When It Don’t Come Easy

“My father was very sure about certain matters pertaining to the universe. To him all good things–trout as well as eternal salvation–come by grace and grace comes by art and art does not come easy.”A River Runs Through It, by Norman McClean 

But if you break down, I'll drive out and find you / If you forget my love, I'll try to remind you / And stay by you when it don't come easy. “When It Don’t Come Easy,” by Patty Griffin 

We are familiar with the challenge “do the hard thing,” and sometimes the hardest thing to do is to pay attention. 

We are distracted. Anxious. Cynical. Hurried. Haunted by ghosts we don’t have time to exorcise. 

But, what if the busy-mindset is a scarcity mindset? What if we have developed a kind of resistance to the “useless” things because they cannot promise results, success, or promotion? What if we have reduced the idea of abundance to a dream that leaves little space for mystery and beauty?

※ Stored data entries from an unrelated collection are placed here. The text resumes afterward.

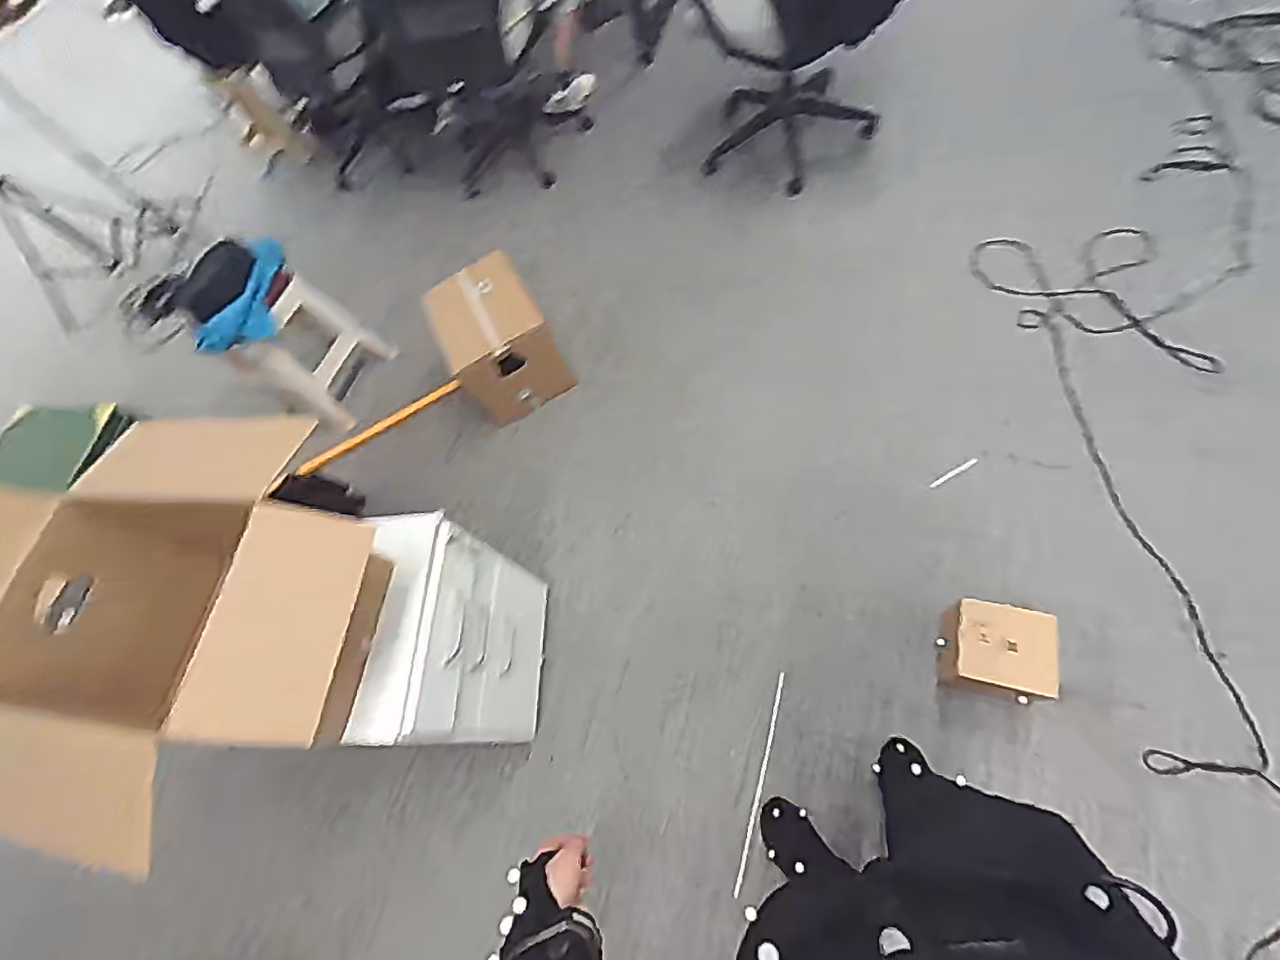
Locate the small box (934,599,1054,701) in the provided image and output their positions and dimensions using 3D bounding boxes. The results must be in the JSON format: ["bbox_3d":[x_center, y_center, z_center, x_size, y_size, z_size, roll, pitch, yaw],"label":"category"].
[{"bbox_3d":[0.758,0.371,1.169,0.179,0.176,0.168,9,68,19],"label":"small box"}]
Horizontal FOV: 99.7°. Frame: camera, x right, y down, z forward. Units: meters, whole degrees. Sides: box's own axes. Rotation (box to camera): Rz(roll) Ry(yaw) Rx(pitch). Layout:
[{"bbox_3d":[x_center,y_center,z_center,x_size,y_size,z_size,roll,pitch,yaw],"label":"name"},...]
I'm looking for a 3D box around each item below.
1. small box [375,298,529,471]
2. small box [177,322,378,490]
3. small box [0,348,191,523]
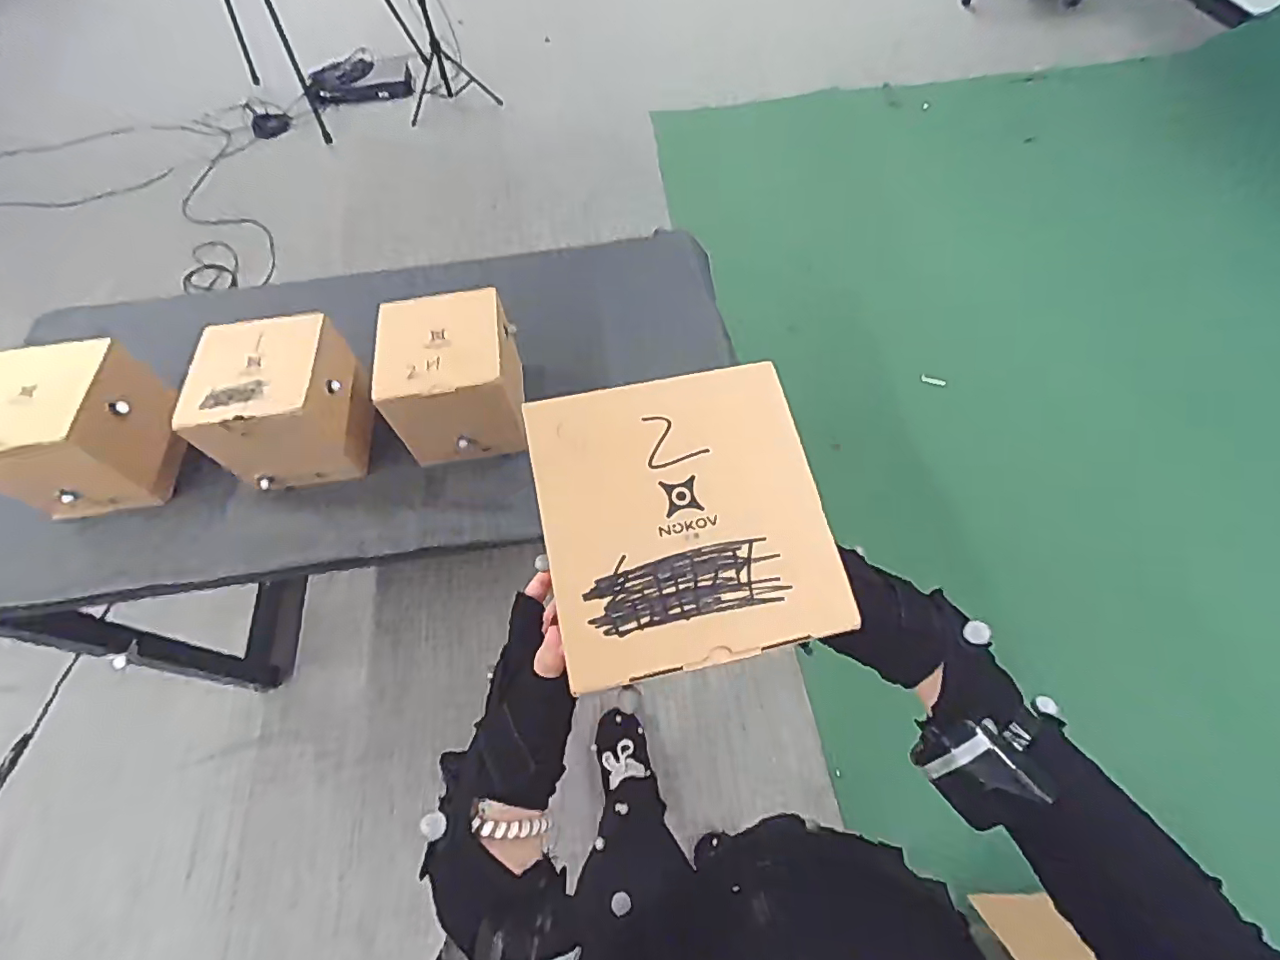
[{"bbox_3d":[-0.263,-0.136,0.795,0.168,0.176,0.179,-9,60,-3],"label":"small box"},{"bbox_3d":[-0.503,-0.098,0.783,0.168,0.176,0.179,-8,60,-2],"label":"small box"},{"bbox_3d":[-0.789,-0.060,0.772,0.168,0.176,0.179,-9,60,-4],"label":"small box"}]

We don’t have to stay on this aimless path.

Artists can be our guides, teaching us the discipline of slowing down, of paying attention. 

The process of making is rooted in attention. It overflows with grace and generosity, never turning away from the harder realities and never without a redemptive posture. The artist helps us to know God because they are sensitive to the quieter movements of new creation. They are stewards of light who push back the boundaries of darkness and hold fast to the reality of renewal. 

But this is not easy work. 

It is work that bears the glory and shame of our humanity, that wrestles with God and demands a blessing, that knows the brush strokes of wounded hands, and that stretches a rough and ready canvas beyond the bounds of earth’s frame. It does not romanticize resurrection but drinks deeply of unfiltered grace – those slow sips that slowly revive the weary soul. 

Cultivating beauty is hard but lasting work. It stirs our imaginations, challenges our despair, and renews our hope. 

Artists, when it don’t come easy, keep going. Keep making. Keep teaching us how to pay attention.